Is multi-factor authentication (MFA) deployed?

Why is this important?


Required by many insurers, MFA is an essential security control that slows attacker activity. It makes exploiting passwords obtained through phishing more challenging and credential dumping a less valuable tactic.  

What endpoint protection software is deployed? Is it “next-generation” AV?

Why is this important?


Strong endpoint protection on employee endpoints and servers is paramount to slowing attackers and detecting early attack stages and impact phases (such as ransomware encryption). “Next-gen” modern endpoint protection uses behavioral detection, machine learning, and other non-signature techniques. Using signatures alone is an outdated approach, ineffective against modern attackers.  

Is endpoint detection and response (EDR) deployed?

Why is this important?


EDR is an important capability enabling IT security teams and managed service providers to better detect attacker activity. EDR can help detect attackers in early stages when they are “living off the land.”

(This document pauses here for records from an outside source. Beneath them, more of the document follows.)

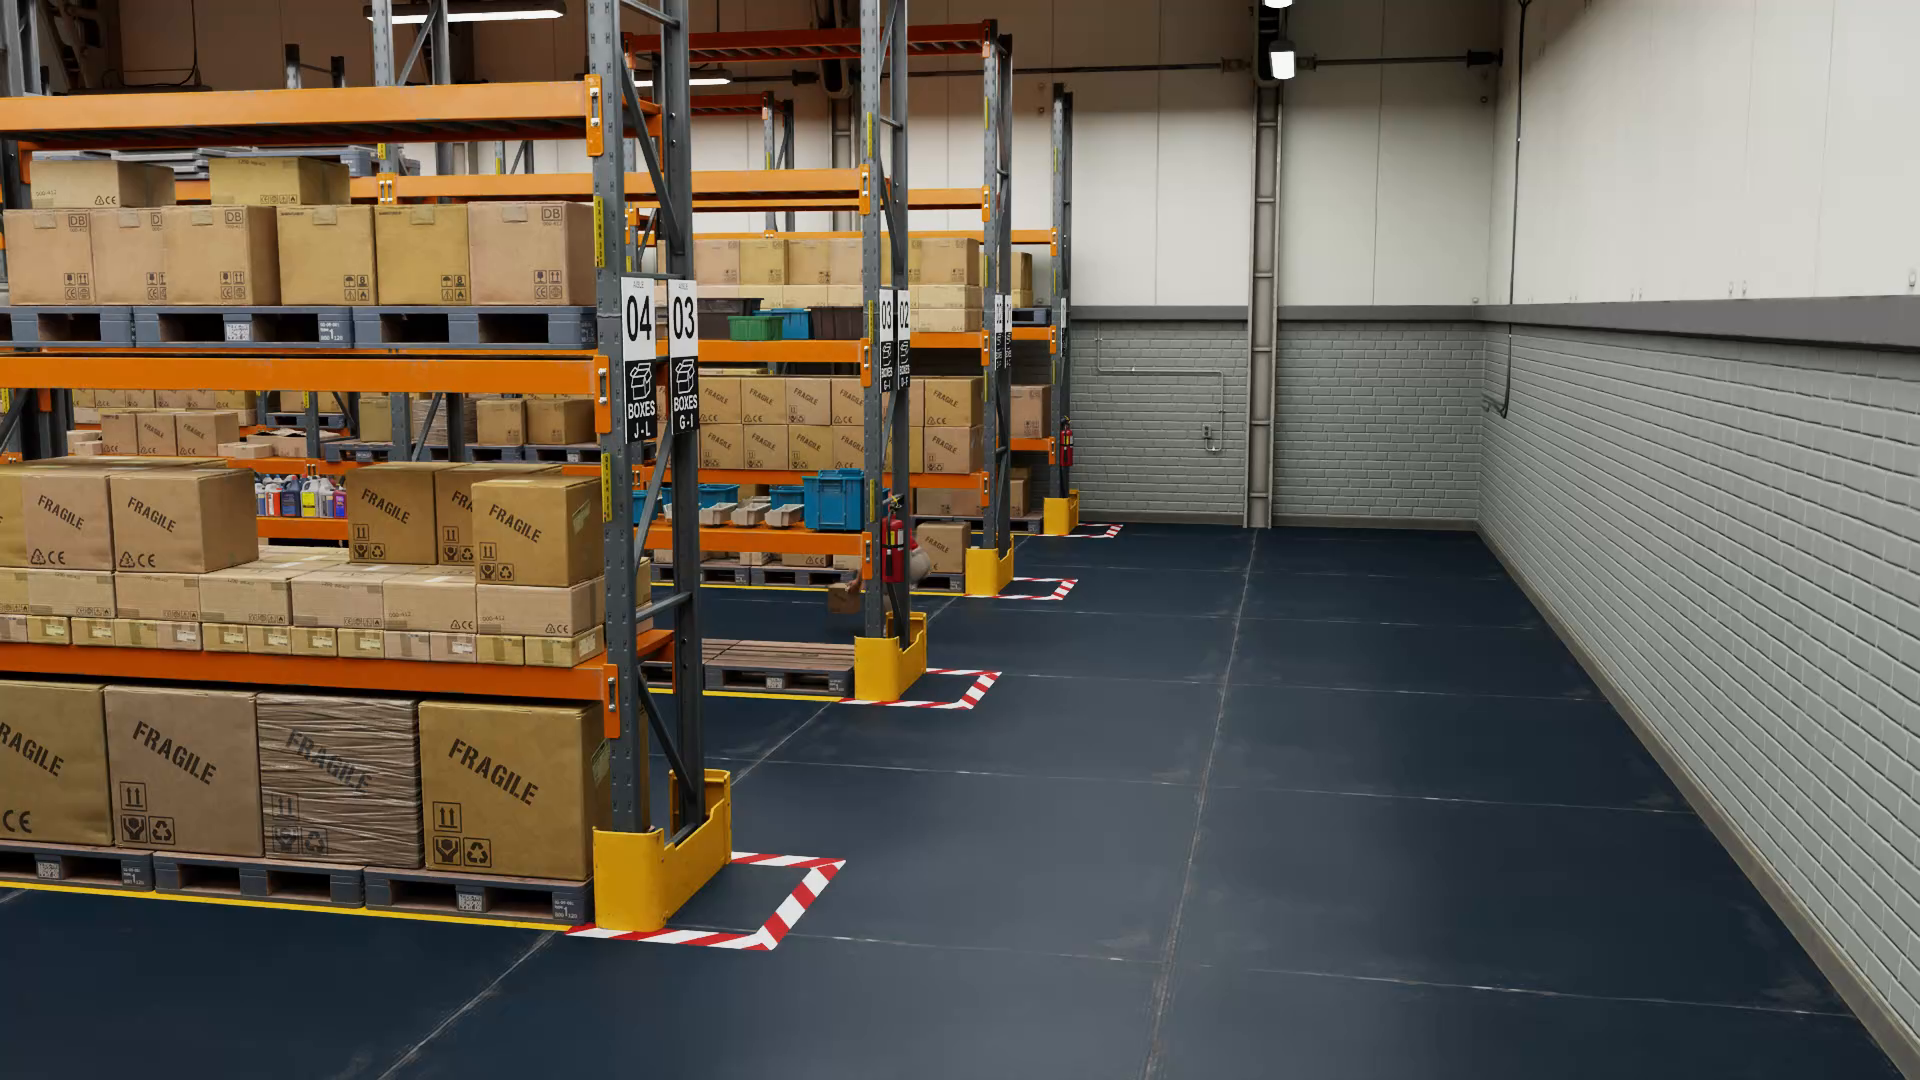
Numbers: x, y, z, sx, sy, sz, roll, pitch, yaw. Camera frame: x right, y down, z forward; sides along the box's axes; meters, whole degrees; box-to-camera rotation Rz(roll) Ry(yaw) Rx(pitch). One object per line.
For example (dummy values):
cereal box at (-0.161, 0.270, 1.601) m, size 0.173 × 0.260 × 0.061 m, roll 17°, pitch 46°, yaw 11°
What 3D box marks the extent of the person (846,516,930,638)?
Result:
person at (-0.685, 0.272, 15.627) m, size 0.779 × 1.263 × 0.587 m, roll 2°, pitch 8°, yaw 11°

How does your security team manage endpoint detections and alerts?

Why is this important?


Overwhelmed security teams can overlook serious detections from endpoint protection and EDR solutions, allowing attackers infiltrate your environment, or successfully complete attacks before the security team becomes aware. Insurers may want to assess your ability to respond to alerts or boost your security team with managed service providers.

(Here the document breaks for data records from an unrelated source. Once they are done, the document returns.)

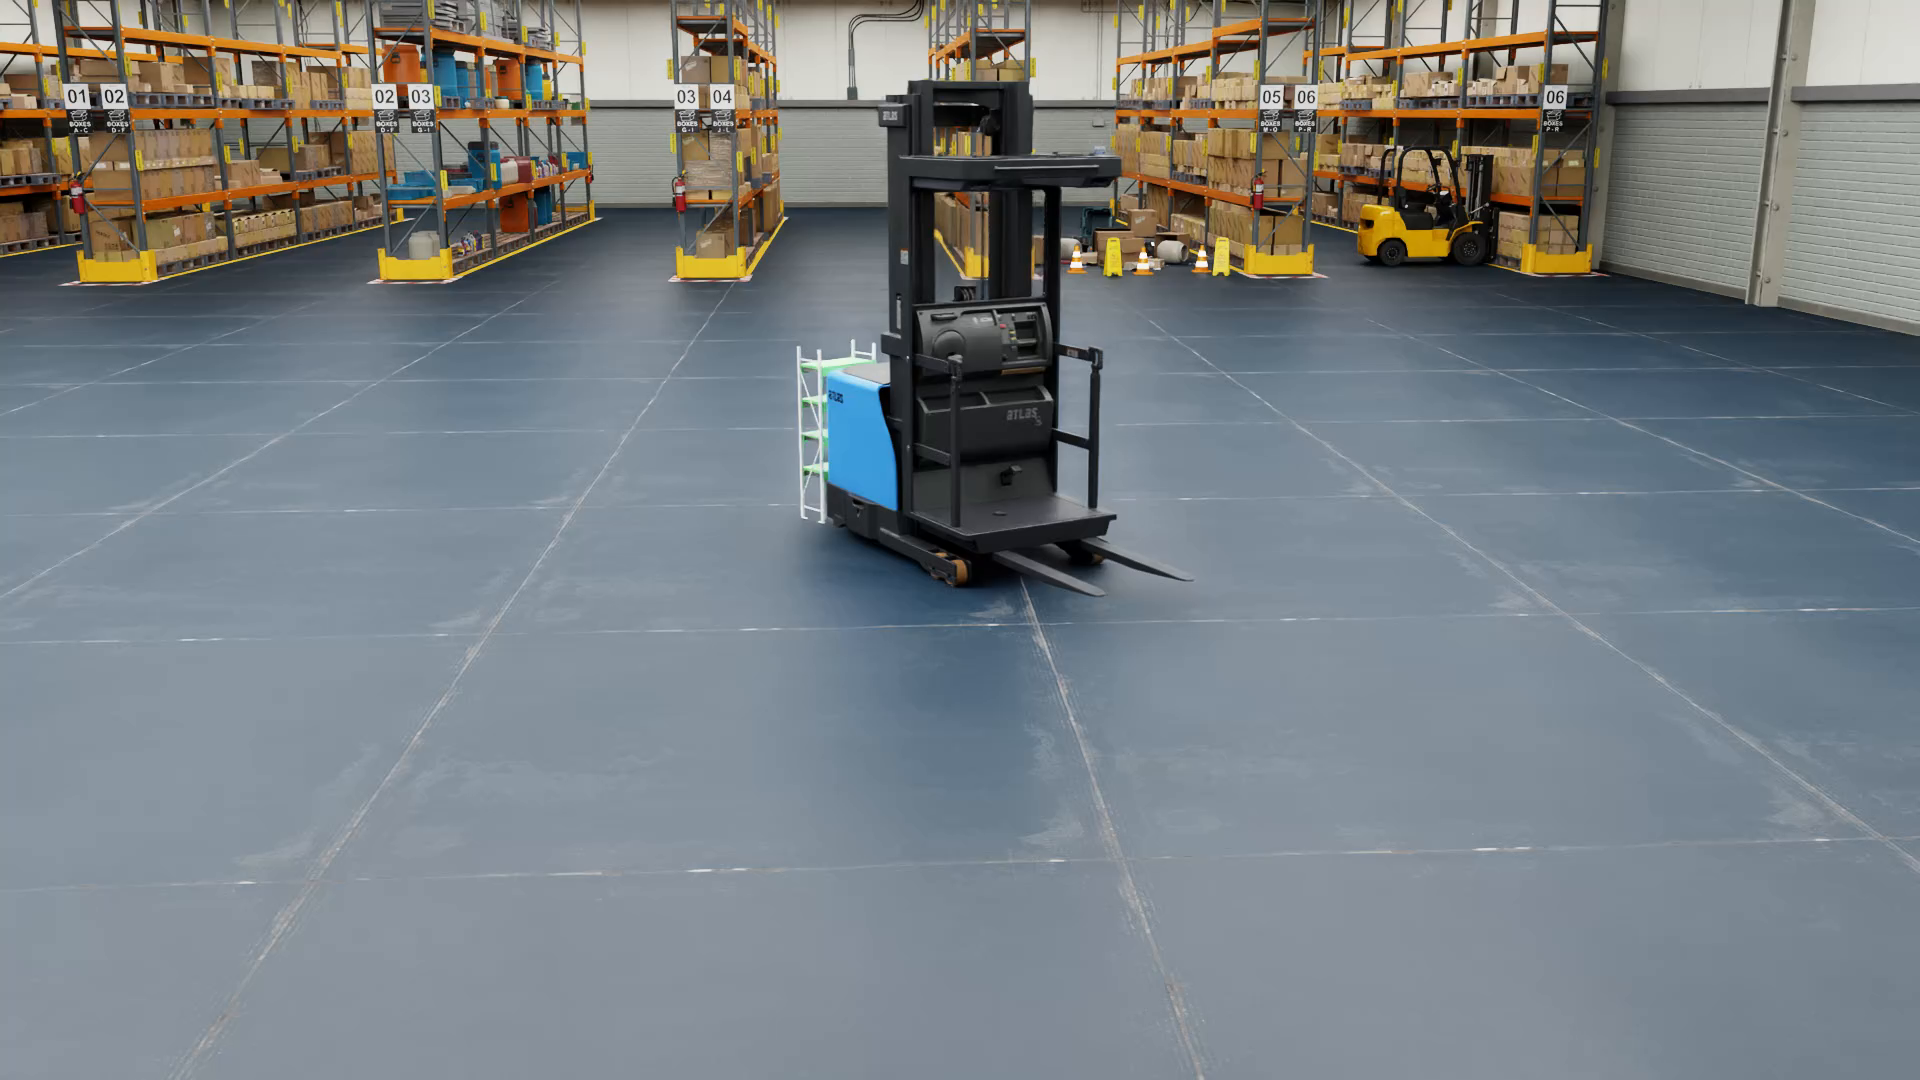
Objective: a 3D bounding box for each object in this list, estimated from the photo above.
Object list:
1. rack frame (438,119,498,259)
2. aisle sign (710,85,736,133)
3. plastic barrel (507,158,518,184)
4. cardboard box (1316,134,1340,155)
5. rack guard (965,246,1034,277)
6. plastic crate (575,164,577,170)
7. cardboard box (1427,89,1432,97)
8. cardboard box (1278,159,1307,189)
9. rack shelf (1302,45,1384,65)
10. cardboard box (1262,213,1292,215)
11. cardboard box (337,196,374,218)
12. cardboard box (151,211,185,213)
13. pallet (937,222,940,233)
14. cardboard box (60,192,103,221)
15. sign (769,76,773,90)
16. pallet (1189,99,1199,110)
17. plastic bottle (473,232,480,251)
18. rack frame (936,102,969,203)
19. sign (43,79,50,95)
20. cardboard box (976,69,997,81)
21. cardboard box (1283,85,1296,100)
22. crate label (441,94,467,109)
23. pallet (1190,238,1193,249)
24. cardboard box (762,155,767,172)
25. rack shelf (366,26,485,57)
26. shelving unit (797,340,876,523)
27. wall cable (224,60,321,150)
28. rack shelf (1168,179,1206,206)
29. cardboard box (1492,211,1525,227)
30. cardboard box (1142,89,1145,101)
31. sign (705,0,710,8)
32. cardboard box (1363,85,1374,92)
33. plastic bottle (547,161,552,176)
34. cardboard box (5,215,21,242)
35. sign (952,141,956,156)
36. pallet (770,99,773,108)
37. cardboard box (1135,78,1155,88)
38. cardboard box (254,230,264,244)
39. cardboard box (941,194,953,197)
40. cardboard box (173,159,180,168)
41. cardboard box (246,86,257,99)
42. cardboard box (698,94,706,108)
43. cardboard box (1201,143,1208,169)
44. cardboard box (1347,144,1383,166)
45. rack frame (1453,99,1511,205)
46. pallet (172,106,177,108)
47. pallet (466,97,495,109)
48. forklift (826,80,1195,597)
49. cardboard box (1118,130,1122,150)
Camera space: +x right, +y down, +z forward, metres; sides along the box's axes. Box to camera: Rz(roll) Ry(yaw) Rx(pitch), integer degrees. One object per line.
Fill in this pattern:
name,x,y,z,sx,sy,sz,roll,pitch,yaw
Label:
rack frame,-9.471,-6.901,31.827,1.000,3.000,0.127,-1,14,-3
aisle sign,-3.977,-7.231,27.892,0.394,0.787,0.004,-1,14,-3
plastic barrel,-9.442,-7.697,34.698,0.421,0.512,0.421,0,14,0
cardboard box,9.426,-10.137,42.603,0.500,0.500,0.500,-1,14,-2
rack guard,0.678,-4.817,28.746,1.175,0.500,0.348,-1,14,-3
plastic crate,-9.980,-9.514,42.393,0.396,0.136,0.243,-1,14,-3
cardboard box,9.898,-9.251,34.403,0.380,0.149,0.250,-1,14,-4
cardboard box,5.858,-6.450,29.278,0.500,0.500,0.500,-1,14,-4
rack shelf,9.697,-12.250,42.029,1.077,0.370,4.000,-1,14,-3
cardboard box,5.798,-5.711,30.374,0.500,0.500,0.500,-1,14,-6
cardboard box,-15.033,-8.286,41.338,0.797,0.503,0.637,-1,14,-3
cardboard box,-14.660,-5.816,30.781,0.500,0.500,0.500,-1,14,-3
pallet,-0.017,-7.474,39.652,1.003,0.211,1.213,-1,14,-3
cardboard box,-19.570,-7.308,36.881,0.750,0.750,0.750,-1,14,-4
sign,-4.483,-10.833,39.422,0.100,0.325,0.005,-1,14,-3
pallet,5.364,-8.905,33.974,1.213,0.211,1.003,-1,14,-3
plastic bottle,-9.132,-5.628,31.312,0.144,0.351,0.185,-2,15,-6
rack frame,-0.067,-9.018,40.057,1.000,3.000,0.127,-1,14,-3
sign,-19.066,-9.454,34.692,0.100,0.325,0.005,-1,14,-3
cardboard box,0.367,-7.927,28.457,0.500,0.250,0.500,-1,14,-3
cardboard box,5.846,-7.789,28.963,0.500,0.250,0.500,-1,14,-4
crate label,-9.010,-7.757,29.435,0.502,0.251,0.408,-1,14,-3
pallet,5.235,-6.278,35.001,1.003,0.211,1.213,-1,14,-3
cardboard box,-4.604,-8.401,37.458,0.500,0.500,0.500,-1,14,-4
rack shelf,-9.348,-8.767,29.286,1.077,0.370,4.000,-1,14,-3
shelving unit,-0.848,-0.760,11.571,0.503,1.200,0.258,-14,20,-42
wall cable,-20.097,-12.546,47.960,3.097,2.526,0.112,-1,14,-3
rack shelf,5.239,-7.279,34.742,1.077,0.370,4.000,-1,14,-3
cardboard box,10.146,-5.931,30.727,0.500,0.250,0.500,-1,14,-3
cardboard box,4.549,-10.581,39.538,0.396,0.266,0.258,-1,14,-4
sign,-5.330,-11.397,35.070,0.100,0.325,0.005,-1,14,-3
cardboard box,9.556,-10.461,38.509,0.380,0.149,0.250,-1,14,-3
plastic bottle,-9.584,-8.643,38.697,0.144,0.351,0.185,-1,14,-3
cardboard box,-19.536,-6.314,33.680,0.700,0.500,0.500,-1,14,-4
sign,-0.112,-7.540,32.148,0.100,0.325,0.005,-1,14,-3
pallet,-5.064,-10.580,40.286,1.003,0.211,1.213,-1,14,-3
cardboard box,4.752,-11.209,41.302,0.797,0.503,0.637,0,14,1
cardboard box,-14.258,-6.057,33.223,0.500,0.250,0.500,-1,14,-5
cardboard box,-0.165,-7.671,37.489,0.500,0.250,0.500,-1,14,-3
cardboard box,-14.072,-6.676,29.452,0.380,0.149,0.250,-1,14,-3
cardboard box,-14.504,-9.019,33.498,0.500,0.250,0.500,-1,14,-5
cardboard box,-4.564,-7.479,28.354,0.500,0.250,0.500,-1,14,-2
cardboard box,5.105,-7.637,33.050,0.500,0.500,0.500,-1,14,-4
cardboard box,9.660,-9.197,39.707,0.700,0.500,0.500,-1,14,-3
rack frame,10.317,-7.208,33.020,1.000,3.000,0.127,-1,14,-3
pallet,-20.047,-10.958,41.753,1.003,0.211,1.213,-1,14,-3
pallet,-9.329,-8.084,30.785,1.213,0.211,1.003,-1,14,-3
forklift,0.266,-1.269,10.076,1.130,2.935,3.031,-8,17,-29
cardboard box,4.404,-10.395,43.201,0.500,0.500,0.500,-1,14,-5

What is your vulnerability assessment/patch management process?

Why is this important?


Attackers are quick to take advantage of remotely exploitable vulnerabilities, gaining a foothold in your environment and leveraging vulnerabilities to move laterally in the environment. An effective vulnerability assessment program shows insurers that you can quickly detect and remediate serious vulnerabilities.

What is your backup strategy?

Why is this important?


Data backup is an important defense against ransomware, reducing the time to recover business operations. Backup is not a 100% effective defense, as attackers can also exfiltrate data for leverage, or target backups for encryption.

Can you describe your email security?

Why is this important?


Phishing is a substantial attack vector targeted by ransomware, business email compromise, and other serious attacks. Modern email security capabilities are an essential security control to detect these attacks before they reach endpoints.